I suppose we do not appreciate the seriousness of fiction-writing, nor its importance to those who cannot get any nearer to real life. And yet it is not that we are unprogressive. Our young people, returning from college, or from visits to the city, freshen and bring up to date our ideas on literature as rigorously as they do our sleeves and hats; but after a short stay in Hillsboro even these conscientious young missionaries of culture turn away from the feeble plots of Ibsen and the tame inventions of Bernard Shaw to the really exciting, perplexing, and stimulating events in the life of the village grocer.
In “Ghosts,” Ibsen preaches a terrible sermon on the responsibility of one generation for the next, but not all his relentless logic can move you to the sharp throb of horrified sympathy you feel as you see Nelse Pettingrew’s poor mother run down the street, her shawl flung hastily over her head, framing a face of despairing resolve, such as can never look at you out of the pages of a book. Somebody has told her that Nelse has been drinking again and “is beginning to get ugly.” For Hillsboro is no model village, but the world entire, with hateful forces of evil lying in wait for weakness. Who will not lay down “Ghosts” to watch, with a painfully beating heart, the progress of this living “Mrs. Alving” past the house, pleading, persuading, coaxing the burly weakling, who will be saved from a week’s debauch if she can only get him safely home now, and keep him quiet till “the fit goes by.”

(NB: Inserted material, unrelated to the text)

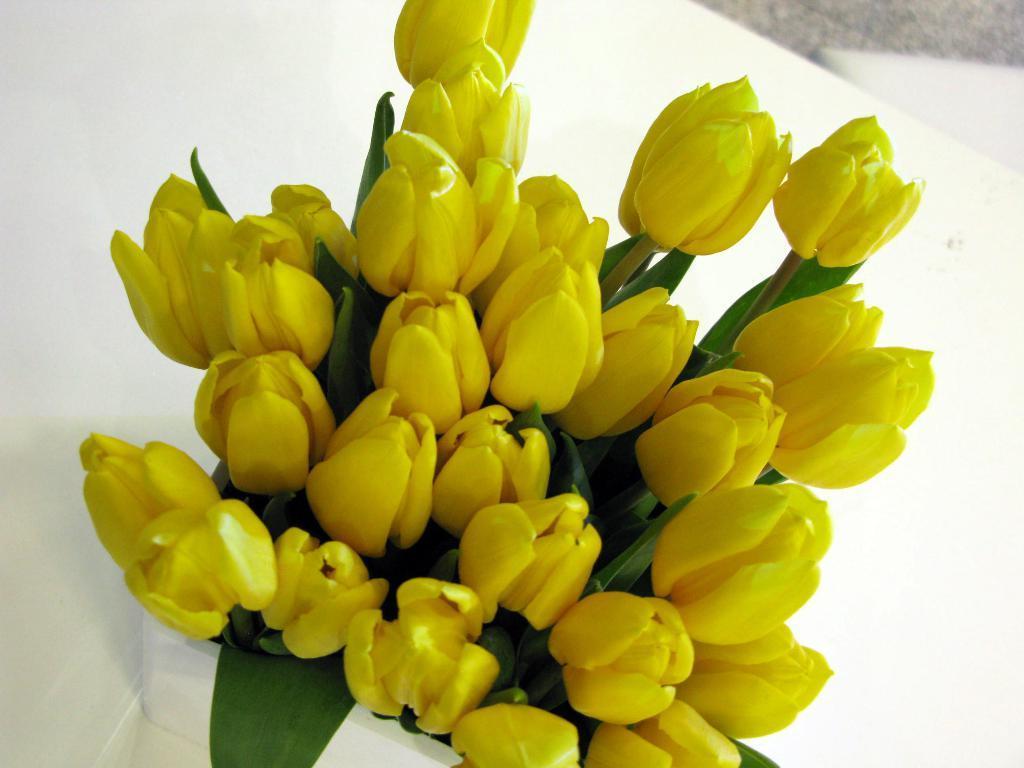Describe this image in one or two sentences. In this picture we can see a pot on the white surface. We can see yellow flowers, green leaves and stems.

At the sight everybody in Hillsboro realizes that Nelse “got it from his father,” with a penetrating sense of the tragedy of heredity, quite as stimulating to self-control in the future as Ibsen is able to make us feel in “Ghosts.” But we know something better than Ibsen, for Mrs. Pettingrew is no “Mrs. Alving.” She is a plain, hard-featured woman who takes in sewing for a living, and she is quite unlettered, but she is a general in the army of spiritual forces. She does not despair, she does not give up like the half-hearted mother in “Ghosts,” she does not waste her strength in concealments; she stands up to her enemy and fights. She fought the wild beast in Nelse’s father, hand to hand, all his life, and he died a better man than when she married him. Undaunted, she fought it in Nelse as a boy, and now as a man; and in the flowering of his physical forces when the wind of his youth blows most wildly through the hateful thicket of inherited weaknesses she generally wins the battle.